Emoji were incorporated into the iPhone firmware 2.2 released in 2008, and though originally intended for use in Japan on the Softbank network, people soon found a way of unlocking them elsewhere, too. After three years of requests by Apple and Google, in October 2010, version 6.0 of the Unicode Standard – a computing industry standard for encoding text was released including hundreds of Emoji symbols allowing them to be used more widely.

Unicode Consortium is a standards body for the encoding, representation, and handling of text

Unicode Consortium is a standards body for the encoding, representation, and handling of text

iPhone users were then able to add an entire Emoji keyboard onto their devices – even before third-party keyboard support came along in iOS 8. Within the Settings, they just needed to tap Keyboard, and add it as another language.
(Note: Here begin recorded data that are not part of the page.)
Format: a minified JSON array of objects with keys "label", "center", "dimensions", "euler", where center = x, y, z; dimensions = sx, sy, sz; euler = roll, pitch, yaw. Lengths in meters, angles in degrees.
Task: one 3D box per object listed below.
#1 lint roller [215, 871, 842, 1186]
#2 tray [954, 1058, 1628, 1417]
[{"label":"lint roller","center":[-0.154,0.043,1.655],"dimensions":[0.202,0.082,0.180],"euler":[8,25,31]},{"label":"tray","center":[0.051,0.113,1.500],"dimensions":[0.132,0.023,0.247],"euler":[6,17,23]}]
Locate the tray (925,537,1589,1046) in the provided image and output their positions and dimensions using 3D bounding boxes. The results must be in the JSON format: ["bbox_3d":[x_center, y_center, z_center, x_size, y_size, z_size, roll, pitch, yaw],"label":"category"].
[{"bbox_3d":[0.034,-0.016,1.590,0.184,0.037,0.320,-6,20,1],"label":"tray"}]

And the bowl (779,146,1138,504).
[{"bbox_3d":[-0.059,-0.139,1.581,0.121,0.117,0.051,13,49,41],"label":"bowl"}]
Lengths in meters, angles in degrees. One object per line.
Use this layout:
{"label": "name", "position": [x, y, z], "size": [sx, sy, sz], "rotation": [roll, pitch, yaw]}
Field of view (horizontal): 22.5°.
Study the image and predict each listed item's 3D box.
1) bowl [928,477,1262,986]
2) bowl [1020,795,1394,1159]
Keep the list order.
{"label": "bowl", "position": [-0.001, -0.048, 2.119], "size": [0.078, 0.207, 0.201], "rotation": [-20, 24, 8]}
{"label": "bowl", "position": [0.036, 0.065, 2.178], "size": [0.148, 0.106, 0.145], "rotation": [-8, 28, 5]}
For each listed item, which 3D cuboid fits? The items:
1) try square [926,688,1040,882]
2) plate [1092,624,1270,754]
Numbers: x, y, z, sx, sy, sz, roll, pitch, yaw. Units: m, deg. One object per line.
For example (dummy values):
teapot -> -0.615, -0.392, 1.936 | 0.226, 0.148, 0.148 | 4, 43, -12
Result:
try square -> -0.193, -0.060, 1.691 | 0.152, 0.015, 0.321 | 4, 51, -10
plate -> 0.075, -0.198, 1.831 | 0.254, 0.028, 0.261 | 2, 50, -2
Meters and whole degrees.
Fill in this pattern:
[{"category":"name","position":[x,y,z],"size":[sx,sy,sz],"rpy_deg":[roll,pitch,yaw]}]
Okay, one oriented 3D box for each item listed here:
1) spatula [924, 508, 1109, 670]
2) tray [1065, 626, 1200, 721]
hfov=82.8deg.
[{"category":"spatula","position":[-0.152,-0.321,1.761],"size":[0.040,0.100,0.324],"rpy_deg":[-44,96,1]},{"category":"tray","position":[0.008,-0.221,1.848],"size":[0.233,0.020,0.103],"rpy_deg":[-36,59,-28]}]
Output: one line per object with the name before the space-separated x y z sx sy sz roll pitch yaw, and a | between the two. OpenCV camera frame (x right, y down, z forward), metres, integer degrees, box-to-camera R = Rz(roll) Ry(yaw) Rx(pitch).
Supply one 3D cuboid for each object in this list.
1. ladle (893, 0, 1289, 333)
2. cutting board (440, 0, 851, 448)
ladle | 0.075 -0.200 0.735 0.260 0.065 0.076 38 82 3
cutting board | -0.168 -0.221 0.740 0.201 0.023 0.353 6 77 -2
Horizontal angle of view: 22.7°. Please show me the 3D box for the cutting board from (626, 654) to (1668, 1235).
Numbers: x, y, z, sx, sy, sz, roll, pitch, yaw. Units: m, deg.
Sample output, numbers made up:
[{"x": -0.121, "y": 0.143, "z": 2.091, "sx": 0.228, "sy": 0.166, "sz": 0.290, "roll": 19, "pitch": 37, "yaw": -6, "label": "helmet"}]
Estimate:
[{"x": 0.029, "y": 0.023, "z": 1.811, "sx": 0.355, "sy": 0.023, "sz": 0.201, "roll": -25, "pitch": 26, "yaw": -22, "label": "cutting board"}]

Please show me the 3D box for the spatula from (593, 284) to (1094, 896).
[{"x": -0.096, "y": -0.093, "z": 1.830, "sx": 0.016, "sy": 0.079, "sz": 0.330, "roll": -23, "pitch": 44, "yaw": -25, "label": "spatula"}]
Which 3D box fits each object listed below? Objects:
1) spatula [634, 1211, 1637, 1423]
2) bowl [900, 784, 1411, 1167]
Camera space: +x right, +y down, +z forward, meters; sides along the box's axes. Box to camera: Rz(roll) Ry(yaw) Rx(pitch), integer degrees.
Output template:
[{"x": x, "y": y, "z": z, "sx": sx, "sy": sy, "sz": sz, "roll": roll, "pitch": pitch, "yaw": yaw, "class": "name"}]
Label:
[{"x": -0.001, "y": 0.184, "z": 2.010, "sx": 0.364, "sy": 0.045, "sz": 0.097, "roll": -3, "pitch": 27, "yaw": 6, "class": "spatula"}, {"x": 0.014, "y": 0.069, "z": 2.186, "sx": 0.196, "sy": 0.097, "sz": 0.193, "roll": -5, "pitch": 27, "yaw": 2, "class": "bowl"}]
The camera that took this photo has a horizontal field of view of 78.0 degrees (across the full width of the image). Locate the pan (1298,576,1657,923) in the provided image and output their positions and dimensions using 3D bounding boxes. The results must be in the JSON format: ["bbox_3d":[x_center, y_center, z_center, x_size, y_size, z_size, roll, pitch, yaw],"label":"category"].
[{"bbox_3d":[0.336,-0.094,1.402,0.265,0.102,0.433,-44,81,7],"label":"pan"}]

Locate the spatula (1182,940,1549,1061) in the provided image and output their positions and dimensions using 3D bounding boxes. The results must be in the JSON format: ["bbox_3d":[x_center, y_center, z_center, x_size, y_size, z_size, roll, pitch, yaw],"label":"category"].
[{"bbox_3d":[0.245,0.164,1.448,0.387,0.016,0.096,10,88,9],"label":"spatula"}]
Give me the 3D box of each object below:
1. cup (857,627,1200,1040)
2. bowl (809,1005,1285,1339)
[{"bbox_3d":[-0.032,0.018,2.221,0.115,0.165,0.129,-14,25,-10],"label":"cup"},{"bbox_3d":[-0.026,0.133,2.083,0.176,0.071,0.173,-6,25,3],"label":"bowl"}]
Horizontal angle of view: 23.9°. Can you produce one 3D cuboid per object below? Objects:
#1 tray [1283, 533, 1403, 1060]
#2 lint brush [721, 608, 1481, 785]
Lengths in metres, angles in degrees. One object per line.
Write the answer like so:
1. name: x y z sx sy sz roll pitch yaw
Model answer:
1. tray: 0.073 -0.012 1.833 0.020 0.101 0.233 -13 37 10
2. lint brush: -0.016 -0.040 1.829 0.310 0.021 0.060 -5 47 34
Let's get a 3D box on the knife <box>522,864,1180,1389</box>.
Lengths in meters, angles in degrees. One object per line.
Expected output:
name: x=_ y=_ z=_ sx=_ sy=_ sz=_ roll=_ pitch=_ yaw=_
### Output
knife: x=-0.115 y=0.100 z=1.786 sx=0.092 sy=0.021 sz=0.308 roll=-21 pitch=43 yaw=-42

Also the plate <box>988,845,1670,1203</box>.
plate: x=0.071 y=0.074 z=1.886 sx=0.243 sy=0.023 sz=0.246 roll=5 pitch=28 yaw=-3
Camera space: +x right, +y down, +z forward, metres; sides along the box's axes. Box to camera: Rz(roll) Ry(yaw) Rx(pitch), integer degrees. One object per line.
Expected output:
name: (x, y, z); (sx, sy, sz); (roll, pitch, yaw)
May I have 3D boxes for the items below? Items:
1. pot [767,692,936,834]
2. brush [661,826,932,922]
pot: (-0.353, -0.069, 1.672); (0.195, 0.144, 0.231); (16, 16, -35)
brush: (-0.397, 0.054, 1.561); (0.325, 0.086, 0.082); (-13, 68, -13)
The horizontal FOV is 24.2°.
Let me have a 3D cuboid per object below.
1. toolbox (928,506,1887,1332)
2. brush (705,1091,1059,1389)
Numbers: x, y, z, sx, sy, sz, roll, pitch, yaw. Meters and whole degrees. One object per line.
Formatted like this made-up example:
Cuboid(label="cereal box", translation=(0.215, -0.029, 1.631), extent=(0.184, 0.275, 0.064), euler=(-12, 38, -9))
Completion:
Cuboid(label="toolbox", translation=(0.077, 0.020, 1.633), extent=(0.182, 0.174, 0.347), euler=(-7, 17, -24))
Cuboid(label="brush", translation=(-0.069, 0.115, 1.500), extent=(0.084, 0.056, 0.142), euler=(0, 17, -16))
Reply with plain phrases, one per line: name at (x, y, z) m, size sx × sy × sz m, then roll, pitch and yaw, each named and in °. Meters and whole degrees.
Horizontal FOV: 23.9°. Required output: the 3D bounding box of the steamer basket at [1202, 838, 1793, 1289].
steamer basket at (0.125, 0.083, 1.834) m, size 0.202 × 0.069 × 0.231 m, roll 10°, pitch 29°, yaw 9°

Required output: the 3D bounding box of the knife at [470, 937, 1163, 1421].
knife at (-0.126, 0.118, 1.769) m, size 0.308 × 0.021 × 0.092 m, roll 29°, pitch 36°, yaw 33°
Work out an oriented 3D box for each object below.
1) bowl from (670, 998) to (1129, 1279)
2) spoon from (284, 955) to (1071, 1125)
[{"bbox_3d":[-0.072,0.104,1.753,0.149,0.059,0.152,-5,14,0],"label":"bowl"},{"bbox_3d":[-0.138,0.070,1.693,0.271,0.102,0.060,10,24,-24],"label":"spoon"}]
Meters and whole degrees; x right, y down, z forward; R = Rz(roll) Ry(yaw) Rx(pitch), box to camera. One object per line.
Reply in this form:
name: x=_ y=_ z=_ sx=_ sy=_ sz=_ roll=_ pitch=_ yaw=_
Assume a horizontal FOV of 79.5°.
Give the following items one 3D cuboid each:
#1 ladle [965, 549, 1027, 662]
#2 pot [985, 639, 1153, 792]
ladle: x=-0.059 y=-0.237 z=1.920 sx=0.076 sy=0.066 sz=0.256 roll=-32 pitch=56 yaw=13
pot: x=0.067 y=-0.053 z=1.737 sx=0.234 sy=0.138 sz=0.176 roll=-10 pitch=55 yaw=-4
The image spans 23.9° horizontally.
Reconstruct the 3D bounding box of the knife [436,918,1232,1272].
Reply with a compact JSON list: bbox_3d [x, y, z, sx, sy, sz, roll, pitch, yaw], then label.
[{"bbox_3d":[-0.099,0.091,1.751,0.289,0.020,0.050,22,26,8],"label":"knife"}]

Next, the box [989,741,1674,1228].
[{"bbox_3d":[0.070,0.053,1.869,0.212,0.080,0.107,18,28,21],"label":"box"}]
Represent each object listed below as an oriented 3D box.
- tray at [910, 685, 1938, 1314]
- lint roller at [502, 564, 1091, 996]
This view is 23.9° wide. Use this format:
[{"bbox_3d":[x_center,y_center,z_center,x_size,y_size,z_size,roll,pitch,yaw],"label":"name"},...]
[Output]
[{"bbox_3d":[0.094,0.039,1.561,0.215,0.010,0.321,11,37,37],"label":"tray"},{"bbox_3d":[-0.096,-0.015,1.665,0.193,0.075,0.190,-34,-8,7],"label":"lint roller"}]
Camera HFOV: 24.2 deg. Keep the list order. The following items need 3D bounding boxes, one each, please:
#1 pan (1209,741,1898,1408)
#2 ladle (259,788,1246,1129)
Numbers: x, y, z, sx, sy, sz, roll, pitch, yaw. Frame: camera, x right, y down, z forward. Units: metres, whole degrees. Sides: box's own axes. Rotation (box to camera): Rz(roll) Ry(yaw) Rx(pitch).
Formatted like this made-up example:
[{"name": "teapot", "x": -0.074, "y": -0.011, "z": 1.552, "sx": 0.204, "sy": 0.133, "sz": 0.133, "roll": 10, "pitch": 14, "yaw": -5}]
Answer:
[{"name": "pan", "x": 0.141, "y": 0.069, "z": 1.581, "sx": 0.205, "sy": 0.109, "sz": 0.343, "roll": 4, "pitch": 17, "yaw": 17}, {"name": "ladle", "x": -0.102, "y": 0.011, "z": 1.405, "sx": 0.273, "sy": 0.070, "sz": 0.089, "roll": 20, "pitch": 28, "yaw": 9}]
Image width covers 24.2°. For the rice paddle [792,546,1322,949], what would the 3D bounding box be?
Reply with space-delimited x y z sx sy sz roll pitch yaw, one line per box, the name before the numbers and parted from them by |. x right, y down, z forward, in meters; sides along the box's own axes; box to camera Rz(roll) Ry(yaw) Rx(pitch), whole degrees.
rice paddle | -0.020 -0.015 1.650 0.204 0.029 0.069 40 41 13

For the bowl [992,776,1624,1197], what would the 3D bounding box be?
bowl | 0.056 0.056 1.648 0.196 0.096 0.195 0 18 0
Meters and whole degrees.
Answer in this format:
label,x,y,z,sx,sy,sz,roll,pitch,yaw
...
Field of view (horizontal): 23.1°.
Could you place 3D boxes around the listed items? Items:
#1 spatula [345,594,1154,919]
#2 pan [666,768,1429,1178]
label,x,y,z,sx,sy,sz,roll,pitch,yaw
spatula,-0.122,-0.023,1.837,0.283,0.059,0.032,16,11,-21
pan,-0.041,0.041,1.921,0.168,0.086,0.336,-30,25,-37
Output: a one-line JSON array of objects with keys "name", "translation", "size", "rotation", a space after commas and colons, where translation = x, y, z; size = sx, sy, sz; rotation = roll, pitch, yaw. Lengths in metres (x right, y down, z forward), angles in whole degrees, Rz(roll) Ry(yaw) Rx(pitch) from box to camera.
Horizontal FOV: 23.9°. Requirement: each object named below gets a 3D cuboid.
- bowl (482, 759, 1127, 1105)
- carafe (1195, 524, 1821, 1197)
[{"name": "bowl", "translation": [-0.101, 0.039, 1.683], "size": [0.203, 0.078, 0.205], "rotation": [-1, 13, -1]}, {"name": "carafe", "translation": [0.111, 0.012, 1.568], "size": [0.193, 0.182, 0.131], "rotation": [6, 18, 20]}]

New Emoji icons are added with each iOS release and as of iOS 8 there are more then 845 of them, from buildings and vehicles, phases of the moon, plants, flowers and animals, and to a whole range of facial expressions, including the smiley face we all know and love.

That addition of third-party keyboard support also gave Emojis an even more expanded audience. These apps vary wildly in quality, but includes apps like Emoji Keyboard 2 – which allows users to use animated Emojis, and create more elaborate art using the icons, while an app like Emoji++ aims to improve usability and type faster with Emojis.

Of course, Emojis, like any cultural runaway hit, have faced controversy – due to  a lack of diversity. In current incarnations, Emojis generally follow the same shading, but plans are afoot to expand diversity. The Unicode Consortium is planning on including a font modifier into the Emoji set which will allow for five different skin tones for existing Emojis. This will likely appear in Version 8.0 of the standard, which is planned for June 2015.

Is this the diversity we're looking for?

Is this the diversity we’re looking for?

So while it may seem like Emojis have finally settled, finding their place in the world, the rich history of emoticons demonstrates how much has already happened to bring us the Emojis we have today. It looks like they will keep expanding, and become more diverse. But what’s next? How about Emojis you can interact with – with some voice recognition? Perhaps we’ll see whole new languages spawn – like latin, a language that can only be written down. Some will say we already have that. But to really know where Emojis will go in the future, we’ll just have to sit back and watch, with a smiley on our face.